*BRIEF*
Repeat what the lines below say, word for word, and skip every image.

*GIVEN DATA*
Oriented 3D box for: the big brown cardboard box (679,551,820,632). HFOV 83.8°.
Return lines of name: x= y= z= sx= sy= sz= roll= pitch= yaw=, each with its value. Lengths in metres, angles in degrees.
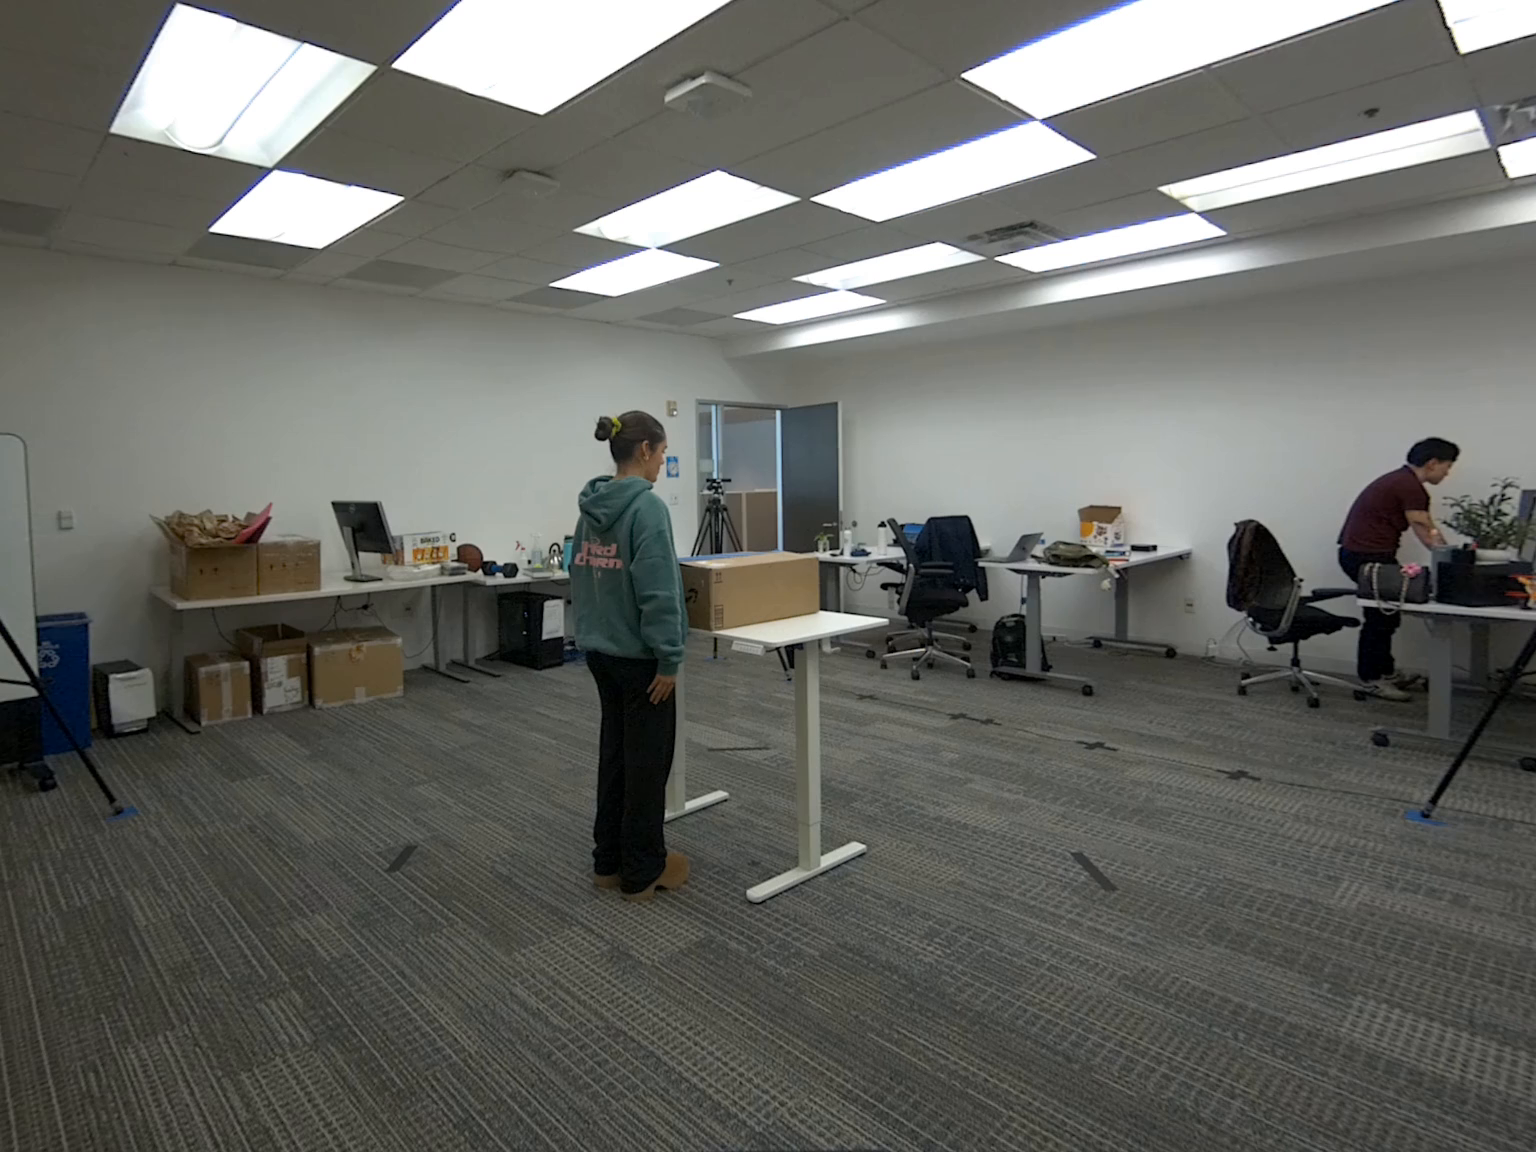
big brown cardboard box: x=-0.145 y=0.041 z=3.213 sx=0.430 sy=0.232 sz=0.573 roll=4 pitch=7 yaw=45

*SOLUTION TO THE PROBLEM*
Oriented 3D box for: the big brown cardboard box (679,551,820,632). HFOV 83.8°.
Return lines of name: x= y= z= sx= sy= sz= roll= pitch= yaw=, each with its value. Lengths in metres, angles in degrees.
big brown cardboard box: x=-0.145 y=0.041 z=3.213 sx=0.430 sy=0.232 sz=0.573 roll=4 pitch=7 yaw=45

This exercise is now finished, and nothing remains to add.